Closed ibnesayeed closed 4 years ago
I agree that an archive's identifier ought to be its URI but having a short id like it is now is handy. What are you thoughts on adding some other field like shortname
or something?
Having just the domain names (not the full homepage URI) is not too verbose while being more predictable than randomly short chosen IDs. Adding other optional meta fields should be fine.
Any interest in coordinating with the names used in https://github.com/webrecorder/public-web-archives for short identifiers? We thought about using urls as main identifiers, but unfortunately, they too can change (for example, move from http->https) especially for smaller archives.

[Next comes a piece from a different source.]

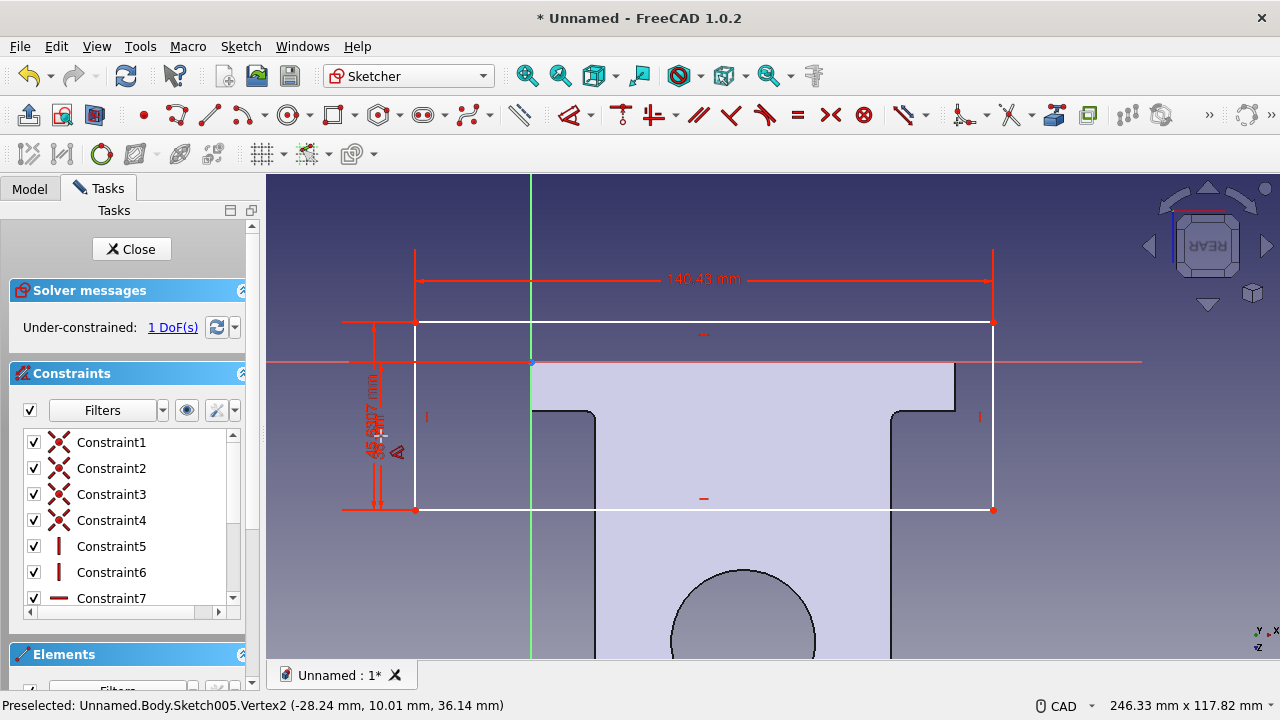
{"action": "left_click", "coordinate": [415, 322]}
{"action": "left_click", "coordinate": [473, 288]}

@ikreymer thanks for the reference. That is certainly one project that is still in my inbox waiting for me to reply to that. While I was creating this ticket, I had that repo in mind.
That said, here I am proposing to use just the canonical domain name, so things like protocol changes or presence of www
won't affect it. However, this approach is not safe either, for example when a single domain is serving multiple archive under different path prefixes. Again, that is not a big issue, one can use example.com/foo
and example.com/bar
as identifiers. These configuration files are often handcrafted anyway.
The JSON file that contains the list of archives uses short terms like
ia
orukwa
as IDs of each archival source. We can use their domain names in that place instead. This does not require any code change, only the config file needs to be changed.